The hawkish MP for South Thanet Craig Mackinlay did not mince his words, saying “I’m disappointed, embarrassed and appalled that a Conservative Chancellor could come up with this tripe.” With friends like this…
The irony is that the Chancellor found he had a more friendly response on the opposition benches than on his own.
He tried to sugar the pill a little but the line had been crossed: rather like when the Liberal Democrats dropped their opposition to student fees, the Chancellor will be reminded constantly of his u-turn.
Labour duly put the boot in, as you would expect, with the Shadow Chancellor Rachel Reeves admonishing the government with a series of soundbites, accusing the Chancellor of announcing a “policy but he can’t dare say the words. It’s a policy that dare not speak its name.”
But the truth is Labour could have chosen to stay silent as disgruntled Conservative backbenchers vented over the mini budget package.
The Chancellor sought refuge from the verbal hand grenades coming at him from all directions by saying that it was a strength rather than a weakness to admit when things could have been done differently.
No-one really believed that especially given the timing of his announcement just a day after the publication of a highly critical report into the partygate saga.
KENT County Council is to have a new chief executive and we know who it will be already as there is not going to be an open recruitment process.
The job is going to be done by the current head of paid service, David Cockburn under a shake-up of the way the council is run.

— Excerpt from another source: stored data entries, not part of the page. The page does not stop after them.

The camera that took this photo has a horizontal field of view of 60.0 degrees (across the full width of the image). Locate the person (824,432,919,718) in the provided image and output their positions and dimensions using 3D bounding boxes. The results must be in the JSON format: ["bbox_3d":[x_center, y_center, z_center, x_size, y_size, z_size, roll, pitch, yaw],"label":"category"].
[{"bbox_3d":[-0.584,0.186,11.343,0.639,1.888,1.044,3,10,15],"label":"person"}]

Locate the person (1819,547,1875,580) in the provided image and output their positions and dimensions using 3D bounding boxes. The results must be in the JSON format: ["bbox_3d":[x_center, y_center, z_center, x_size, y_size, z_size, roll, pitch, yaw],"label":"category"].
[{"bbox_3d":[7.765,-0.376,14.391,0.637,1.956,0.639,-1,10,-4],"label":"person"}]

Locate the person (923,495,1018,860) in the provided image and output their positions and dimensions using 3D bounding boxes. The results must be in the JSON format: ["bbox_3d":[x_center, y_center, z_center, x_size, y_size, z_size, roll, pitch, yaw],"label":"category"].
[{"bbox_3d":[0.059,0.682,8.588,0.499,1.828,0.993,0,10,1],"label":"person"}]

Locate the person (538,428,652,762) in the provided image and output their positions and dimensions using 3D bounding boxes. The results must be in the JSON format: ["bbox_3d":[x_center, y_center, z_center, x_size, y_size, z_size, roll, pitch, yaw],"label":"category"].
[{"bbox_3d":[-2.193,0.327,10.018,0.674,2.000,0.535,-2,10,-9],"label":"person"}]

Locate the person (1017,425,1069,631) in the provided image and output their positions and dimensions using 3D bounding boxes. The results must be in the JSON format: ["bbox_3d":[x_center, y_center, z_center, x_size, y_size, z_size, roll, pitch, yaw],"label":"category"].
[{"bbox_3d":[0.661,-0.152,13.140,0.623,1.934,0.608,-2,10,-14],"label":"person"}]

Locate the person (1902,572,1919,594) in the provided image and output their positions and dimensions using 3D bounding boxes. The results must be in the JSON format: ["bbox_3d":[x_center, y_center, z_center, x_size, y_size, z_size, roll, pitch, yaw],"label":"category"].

KCC’s Conservative administration says the reorganisation of the senior executive team is needed now to help lead the council through a potentially challenging period.
There has not been been a chief executive for a decade after the role was scrapped by the former Conservative leader Paul Carter. The decision then was justified on cost-cutting grounds although that was rather undermined when it emerged that the last occupant of the job, Katherine Kerswell, received £420,000 in redundancy.

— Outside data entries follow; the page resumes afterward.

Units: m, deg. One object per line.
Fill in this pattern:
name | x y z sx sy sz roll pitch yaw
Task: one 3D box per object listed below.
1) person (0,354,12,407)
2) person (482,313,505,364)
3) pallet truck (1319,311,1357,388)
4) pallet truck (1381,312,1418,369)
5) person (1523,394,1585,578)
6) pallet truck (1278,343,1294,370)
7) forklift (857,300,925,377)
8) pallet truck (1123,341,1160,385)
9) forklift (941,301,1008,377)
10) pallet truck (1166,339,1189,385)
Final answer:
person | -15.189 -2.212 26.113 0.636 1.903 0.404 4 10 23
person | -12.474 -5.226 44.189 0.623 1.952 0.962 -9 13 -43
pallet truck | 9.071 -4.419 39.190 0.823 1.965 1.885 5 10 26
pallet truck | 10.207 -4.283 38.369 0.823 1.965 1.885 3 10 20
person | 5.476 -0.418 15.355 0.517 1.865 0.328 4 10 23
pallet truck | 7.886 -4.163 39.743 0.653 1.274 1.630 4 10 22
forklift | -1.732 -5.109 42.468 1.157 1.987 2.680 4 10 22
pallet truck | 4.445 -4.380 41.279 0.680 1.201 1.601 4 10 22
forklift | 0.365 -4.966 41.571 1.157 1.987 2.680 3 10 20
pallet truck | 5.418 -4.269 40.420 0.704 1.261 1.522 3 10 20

There has been some mild criticism over the decision not to have an open recruitment process, with the opposition Labour group and the Green party arguing it would have been better to trawl the pool of executive talent to see who else might fit the job.
Labour group leader Dr Lauren Sullivan said that there should have been an open process. Describing it as “a hugely significant and new role” KCC ought to have been prepared to see what other talent was out there.
"For supposedly talented political operators, the failure to see how this would play out in the wider world was shocking..."
THE lurid details of the antics at a string of 'social gatherings' at Downing Street were laid bare in Sue Gray's damning report this week.
A fight, someone vomiting and red wine spilled while grown adults played on a child's slide: it all had the hallmarks of a party thrown by a teenager whose parents had gone away.
It was hardly a surprise to learn the bulk of the events or social gatherings that the report examined transgressed the rules that had taken shape in the very office where staff binged on beer and gin and partied until the small hours.
For supposedly talented political operators, the failure to see how this would play out in the wider world was shocking. The sense that they saw themselves as invincible must have been strong. If not wildly over-exagerated.